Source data
-- Opening Marker --

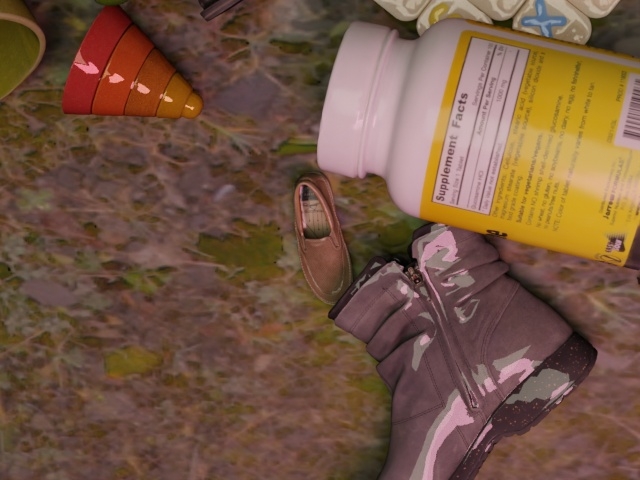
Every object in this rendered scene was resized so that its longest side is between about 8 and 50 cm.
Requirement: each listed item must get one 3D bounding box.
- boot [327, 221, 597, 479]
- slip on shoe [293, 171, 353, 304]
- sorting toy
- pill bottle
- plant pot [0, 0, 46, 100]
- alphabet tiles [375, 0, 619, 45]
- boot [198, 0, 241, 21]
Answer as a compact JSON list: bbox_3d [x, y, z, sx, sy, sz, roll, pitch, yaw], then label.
[{"bbox_3d":[0.083,0.143,1.525,0.338,0.118,0.223,-45,87,4],"label":"boot"},{"bbox_3d":[0.000,0.000,1.541,0.051,0.041,0.135,-6,99,12],"label":"slip on shoe"},{"bbox_3d":[-0.133,-0.233,1.427,0.126,0.127,0.365,26,134,0],"label":"sorting toy"},{"bbox_3d":[0.175,-0.095,1.410,0.334,0.188,0.188,14,103,7],"label":"pill bottle"},{"bbox_3d":[-0.445,-0.271,1.490,0.275,0.275,0.293,-27,78,15],"label":"plant pot"},{"bbox_3d":[0.172,-0.309,1.461,0.278,0.021,0.284,40,106,3],"label":"alphabet tiles"},{"bbox_3d":[-0.099,-0.365,1.457,0.229,0.091,0.263,38,103,-4],"label":"boot"}]
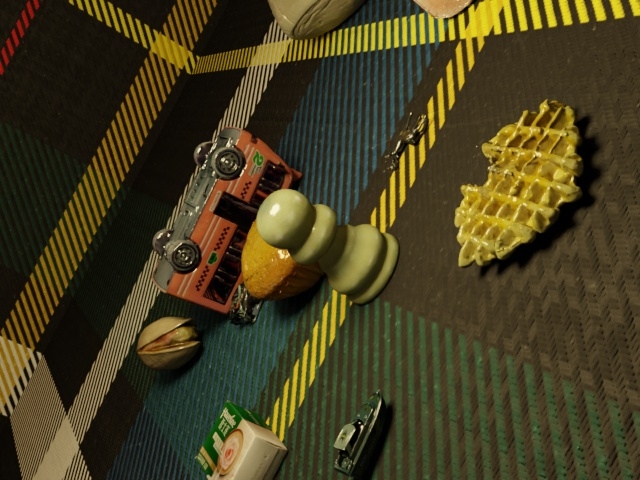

-- Closing Marker --

▶ **Work instruction**: Every record gets retyped exactly; no picture goes into the copy.

▶ **Written response**:
Every object in this rendered scene was resized so that its longest side is between about 8 and 50 cm.
Requirement: each listed item must get one 3D bounding box.
- boot [327, 221, 597, 479]
- slip on shoe [293, 171, 353, 304]
- sorting toy
- pill bottle
- plant pot [0, 0, 46, 100]
- alphabet tiles [375, 0, 619, 45]
- boot [198, 0, 241, 21]
Answer as a compact JSON list: bbox_3d [x, y, z, sx, sy, sz, roll, pitch, yaw], then label.
[{"bbox_3d":[0.083,0.143,1.525,0.338,0.118,0.223,-45,87,4],"label":"boot"},{"bbox_3d":[0.000,0.000,1.541,0.051,0.041,0.135,-6,99,12],"label":"slip on shoe"},{"bbox_3d":[-0.133,-0.233,1.427,0.126,0.127,0.365,26,134,0],"label":"sorting toy"},{"bbox_3d":[0.175,-0.095,1.410,0.334,0.188,0.188,14,103,7],"label":"pill bottle"},{"bbox_3d":[-0.445,-0.271,1.490,0.275,0.275,0.293,-27,78,15],"label":"plant pot"},{"bbox_3d":[0.172,-0.309,1.461,0.278,0.021,0.284,40,106,3],"label":"alphabet tiles"},{"bbox_3d":[-0.099,-0.365,1.457,0.229,0.091,0.263,38,103,-4],"label":"boot"}]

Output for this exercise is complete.